What to do
From the data underneath, reproduce exactly the stretch that begins at the line with "#11 car (179, 530, 268, 580)" and ends after the line with "#21 car (367, 529, 481, 583)".

Stored entries:
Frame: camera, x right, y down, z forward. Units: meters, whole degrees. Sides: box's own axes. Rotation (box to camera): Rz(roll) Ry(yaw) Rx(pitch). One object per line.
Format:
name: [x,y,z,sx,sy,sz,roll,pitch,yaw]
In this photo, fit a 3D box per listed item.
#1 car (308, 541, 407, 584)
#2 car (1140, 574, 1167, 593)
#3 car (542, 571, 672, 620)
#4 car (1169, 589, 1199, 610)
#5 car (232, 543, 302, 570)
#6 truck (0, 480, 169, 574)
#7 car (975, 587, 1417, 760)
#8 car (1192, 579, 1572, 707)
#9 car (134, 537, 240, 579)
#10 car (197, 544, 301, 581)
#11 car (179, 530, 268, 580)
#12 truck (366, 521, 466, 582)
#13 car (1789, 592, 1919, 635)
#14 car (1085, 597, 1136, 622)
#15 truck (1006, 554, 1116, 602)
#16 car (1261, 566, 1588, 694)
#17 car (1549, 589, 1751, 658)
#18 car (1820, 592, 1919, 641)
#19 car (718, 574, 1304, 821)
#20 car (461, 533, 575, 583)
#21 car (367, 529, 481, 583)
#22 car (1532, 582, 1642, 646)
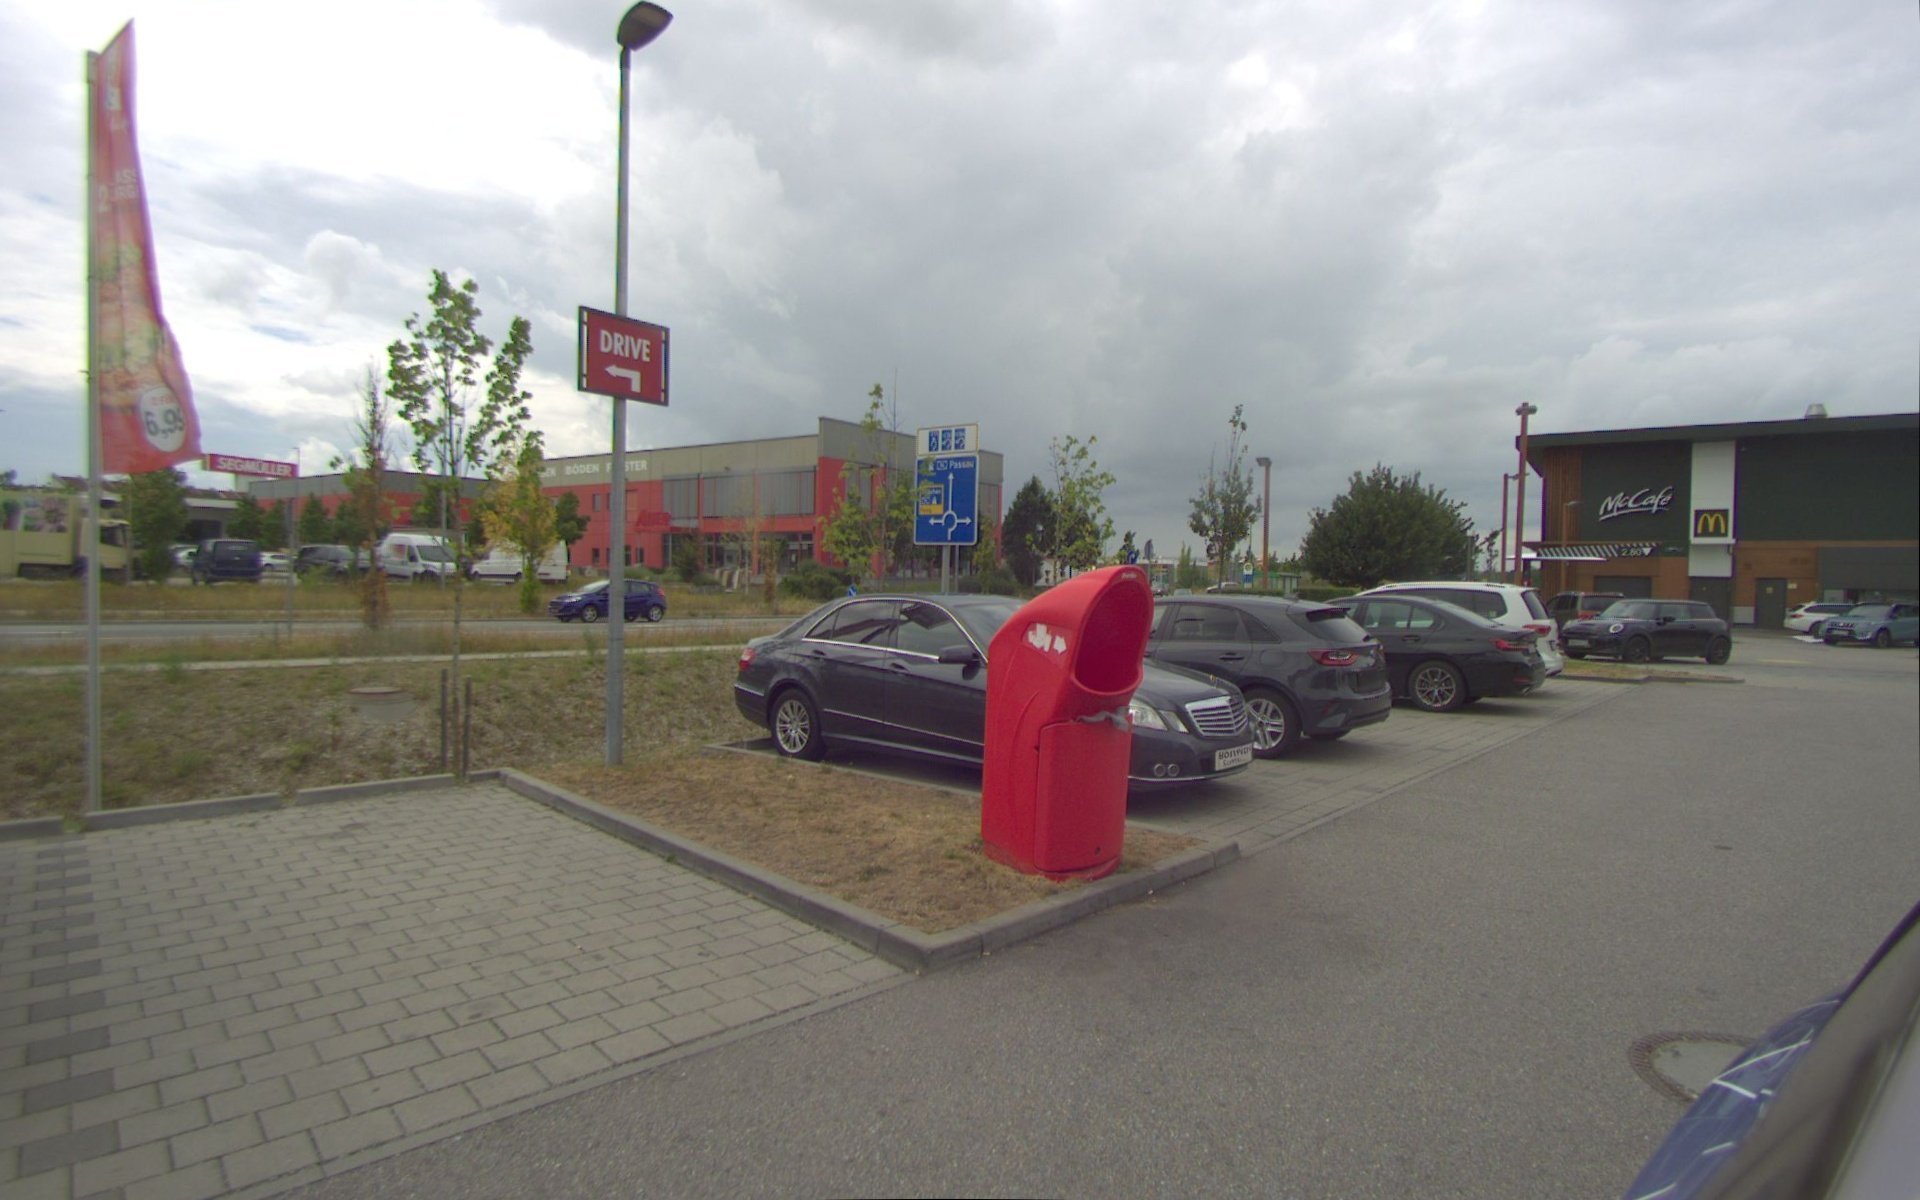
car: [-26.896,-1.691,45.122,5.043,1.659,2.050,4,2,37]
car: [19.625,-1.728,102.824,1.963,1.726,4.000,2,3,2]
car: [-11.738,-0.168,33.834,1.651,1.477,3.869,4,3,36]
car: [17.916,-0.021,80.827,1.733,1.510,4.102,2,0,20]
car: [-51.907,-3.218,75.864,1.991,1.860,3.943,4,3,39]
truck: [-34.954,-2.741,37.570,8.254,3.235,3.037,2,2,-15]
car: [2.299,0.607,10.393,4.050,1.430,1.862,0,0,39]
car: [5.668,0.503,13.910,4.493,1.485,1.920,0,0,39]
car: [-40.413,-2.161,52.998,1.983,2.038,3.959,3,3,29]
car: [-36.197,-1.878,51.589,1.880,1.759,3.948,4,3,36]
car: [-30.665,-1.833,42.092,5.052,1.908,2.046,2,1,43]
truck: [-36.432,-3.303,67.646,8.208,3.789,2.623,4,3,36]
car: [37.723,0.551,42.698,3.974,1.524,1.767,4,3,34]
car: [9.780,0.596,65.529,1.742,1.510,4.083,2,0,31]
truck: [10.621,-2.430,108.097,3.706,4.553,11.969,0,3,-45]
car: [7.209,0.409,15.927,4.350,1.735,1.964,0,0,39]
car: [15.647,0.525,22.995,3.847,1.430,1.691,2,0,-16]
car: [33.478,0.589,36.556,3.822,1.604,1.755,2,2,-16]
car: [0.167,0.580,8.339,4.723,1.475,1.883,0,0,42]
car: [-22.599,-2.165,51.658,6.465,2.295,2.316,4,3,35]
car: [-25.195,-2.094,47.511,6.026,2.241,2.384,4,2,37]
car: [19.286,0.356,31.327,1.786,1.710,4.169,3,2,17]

Result for this exercise
#11 car (179, 530, 268, 580)
#12 truck (366, 521, 466, 582)
#13 car (1789, 592, 1919, 635)
#14 car (1085, 597, 1136, 622)
#15 truck (1006, 554, 1116, 602)
#16 car (1261, 566, 1588, 694)
#17 car (1549, 589, 1751, 658)
#18 car (1820, 592, 1919, 641)
#19 car (718, 574, 1304, 821)
#20 car (461, 533, 575, 583)
#21 car (367, 529, 481, 583)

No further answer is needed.